Patient Billing And Collections Process Needs A Tune-Up

Posted on October 1, 2018 I Written By

Anne Zieger is a healthcare journalist who has written about the industry for 30 years. Her work has appeared in all of the leading healthcare industry publications, and she's served as editor in chief of several healthcare B2B sites.

A new study from a patient payments vendor suggests that many healthcare organizations haven’t optimized their patient billing and collections process, a vulnerability which has persisted despite their efforts to crack the problem.

The survey found that while the entire billing collections process was flawed, respondents said that collecting patient payments was the toughest problem, followed by the need to deploy better tools and technologies.

Another issue was the nature of their collections efforts. Sixty percent of responding organizations use collections agencies, an approach which can establish an adversarial relationship between patient and provider and perhaps drive consumers elsewhere.

Yet another concern was long delays in issuing bills to patients. The survey found that 65% of organizations average more than 60 days to collect patient payments, and 40% waited on payments for more than 90 days.

These results align other studies that look at patient payments, all of which echo the notion that the patient collection process is far from what it should be.

For example, a study by payment services vendor InstaMed found that more than 90% of consumers would like to know what the payment responsibility is prior to a provider visit. Worse, very few consumers even know what the deductible, co-insurance and out-of-pocket maximums are, making it more likely that the will be hit with a bill they can’t afford.

As with the Cedar study, InstaMed’s research found that providers are waiting a long time to collect patient payments, three-quarters of organizations waiting a month to close out patient balances.

Not only that, investments in revenue cycle management technology aren’t necessarily enough to kickstart patient payment volumes. A survey done last year by the Healthcare Financial Management Association and vendor Navigant found that while three-quarters of hospitals said that their RCM technology budget was increasing, they weren’t necessarily getting the ROI they’d hoped to see.

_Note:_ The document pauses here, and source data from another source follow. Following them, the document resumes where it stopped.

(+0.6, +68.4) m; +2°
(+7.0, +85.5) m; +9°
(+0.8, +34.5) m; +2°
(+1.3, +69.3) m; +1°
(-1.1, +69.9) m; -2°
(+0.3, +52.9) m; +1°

According to the survey, 77% of hospitals less than 100 beds and 78% of hospitals with 100 to 500 beds planned to increase their RCM spending. Their areas of investment included business intelligence analytics, EHR-enabled workflow or reporting, revenue integrity, coding and physician/clinician documentation options.

Still, process improvements seem to have had a bigger payoff. These hospitals are placing a lot of faith in revenue integrity programs, with 22% saying that revenue integrity was a top RCM focus area for this year. Those who would already put such a program in place said that it offered significant benefits, including increased net collections (68%), greater charge capture (61%) and reduced compliance risks (61%).

As I see it, the key takeaways here are that making sure patients know what to expect financially and putting programs in place to improve internal processes can have a big impact on patient payments. Still, with consumers financing a lot of their care these days, getting their dollars in the door should continue to be an issue. After all, you can’t get blood from a stone.